Article AUTONOME (Délibération n° 2015-415 du 19 novembre 2015 portant avis sur un projet de décret relatif aux dispositions concernant le contenu et la délivrance des extraits de casier judiciaire (demande d'avis n° AV 15027531))


Après avoir entendu M. Gaétan GORCE, commissaire, en son rapport, et M. Jean-Alexandre SILVY, commissaire du Gouvernement, en ses observations,
Emet l'avis suivant :
La Commission a été saisie par le ministre de la justice d'une demande d'avis portant sur un projet de décret relatif aux dispositions concernant le contenu et la délivrance des extraits de casier judicaire.
Les modifications projetées concernent le casier judiciaire national (ci-après « CJN »), dont les conditions de mise en œuvre sont prévues aux articles 768 à 781 et R. 62 à R. 90 du code de procédure pénale (CPP). Plus précisément, ces modifications portent sur les hypothèses d'effacement des fiches du casier judiciaire national (article 2 du projet de décret), sur la délivrance du bulletin n° 2 du casier judiciaire (article 3 du projet de décret), ainsi que sur la délivrance du bulletin n° 3 du casier judiciaire (articles 4 et 5).
La modification principale, qui porte sur la délivrance du bulletin n° 2 (ci-après B2) aux administrations dans le cadre du contrôle de l'exercice de certains emplois, intervient dans un contexte où ont été constatés des dysfonctionnements dans le contrôle des professions impliquant un contact avec des mineurs. Le ministère de la justice a souhaité dès lors renforcer le contrôle de l'exercice de certaines professions impliquant un contact habituel avec les mineurs.
Conformément aux dispositions de l'article 779 du CPP et des articles 26 et 30 de la loi du 6 janvier 1978 modifiée, ce décret doit être pris après avis motivé et publié de la Commission.
Sur l'effacement des fiches du casier judiciaire :
L'article R. 70 du CPP énumère les cas dans lesquels les fiches du casier judiciaire national automatisé sont effacées. Le 4° de cet article en prévoit l'effacement « lorsque le condamné fait opposition ou lorsque la Cour de cassation annule la décision par application des articles 620 ou 625 », ce dernier article étant relatif au traitement des demandes en révision.
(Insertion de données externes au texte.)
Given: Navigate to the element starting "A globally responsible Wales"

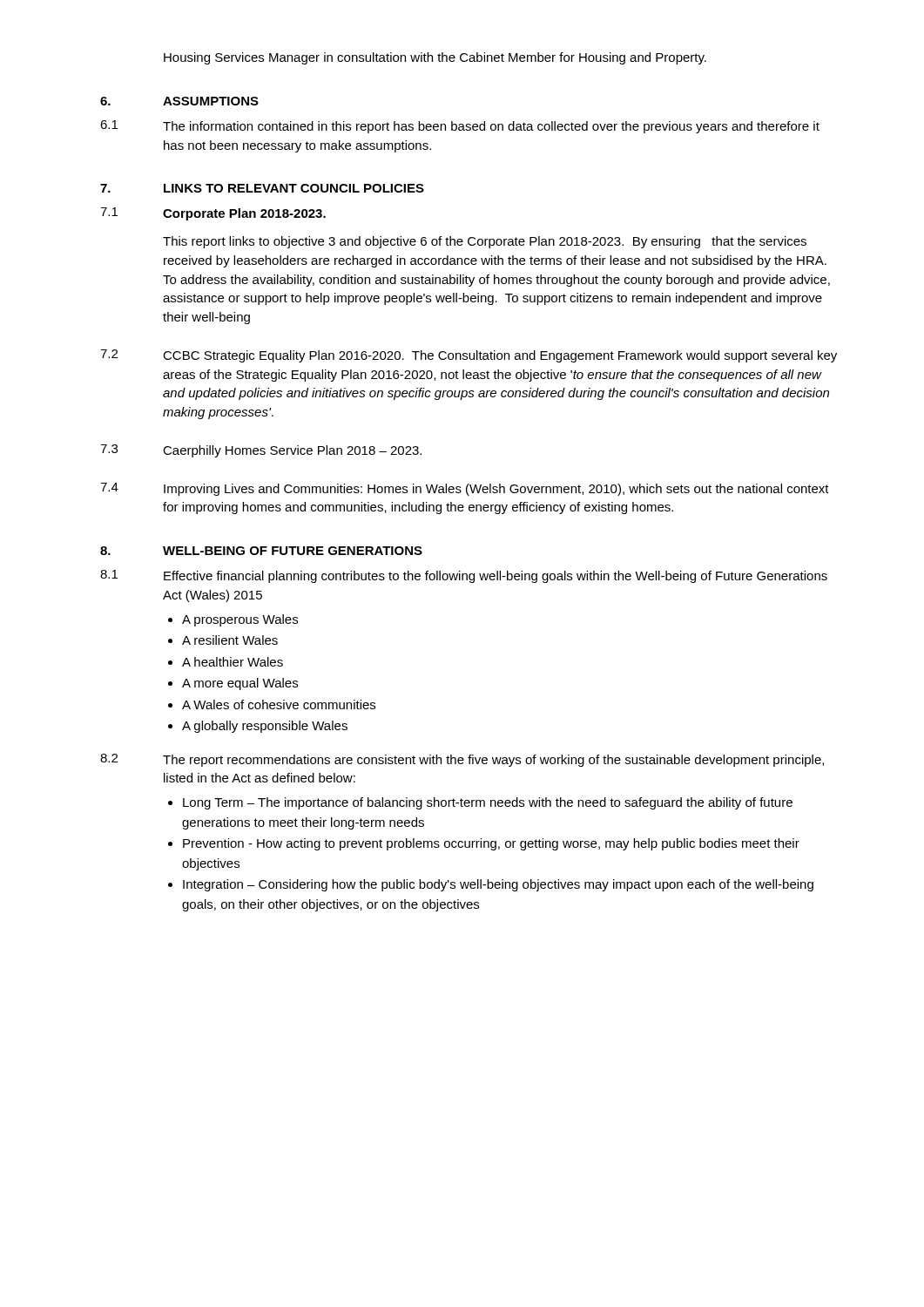Looking at the screenshot, I should [265, 725].
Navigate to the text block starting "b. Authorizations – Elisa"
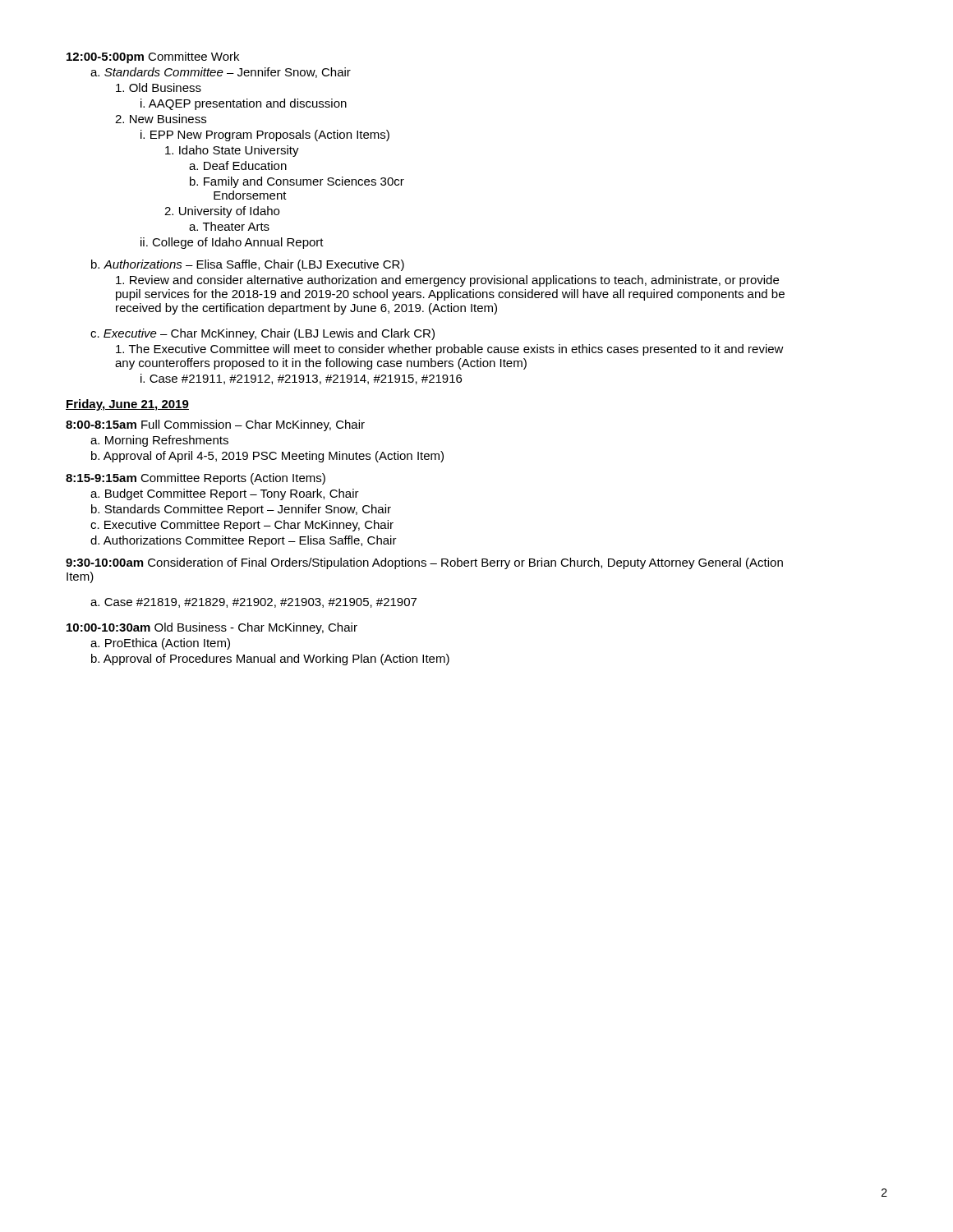 pyautogui.click(x=247, y=264)

Or, la loi susvisée du 20 juin 2014 a modifié de façon substantielle la procédure de révision et de réexamen d'une condamnation pénale définitive. La modification envisagée, qui vise à tenir compte de ces évolutions et a pour unique objet de remplacer la référence à l'article 625 par celle de l'article 624-7, n'appelle pas d'observation particulière de la part de la Commission.
Sur la délivrance du bulletin n° 2 aux administrations pour le contrôle de l'exercice d'emplois impliquant un contact habituel avec des mineurs :
La Commission rappelle que la délivrance du 132 du casier judiciaire constitue la principale vérification préalable réalisée dans le cadre de l'accès à certains emplois. L'accès à la fonction publique, ainsi qu'a de nombreuses professions régies par des textes spéciaux, est en effet soumis à une demande de B2 par l'employeur.
S'agissant plus précisément des emplois publics, l'article 776-1° du CPP prévoit que le B2 peut être délivré aux « préfets et aux administrations publiques de l'Etat saisis de demandes d'emplois publics », tandis que le 3° de ce même article permet ta délivrance de ce même B2 « aux administrations et personnes morales », sans autre précision sur les services concernés et les motifs pour lesquels le B2 peut être demandé.
Afin de s'assurer que les administrations concernées puissent prendre une décision éclairée, le législateur s'est assuré que certaines infractions apparaissent bien au 62, notamment dans le cadre d'emplois en contact avec des mineurs. Ainsi, la procédure prévue par l'article 775-1 du CPP, qui permet à la juridiction de jugement d'exclure la mention d'une condamnation au B2, ne s'applique pas aux infractions de nature sexuelle sur un mineur mentionnées aux articles 706-47 du CPP.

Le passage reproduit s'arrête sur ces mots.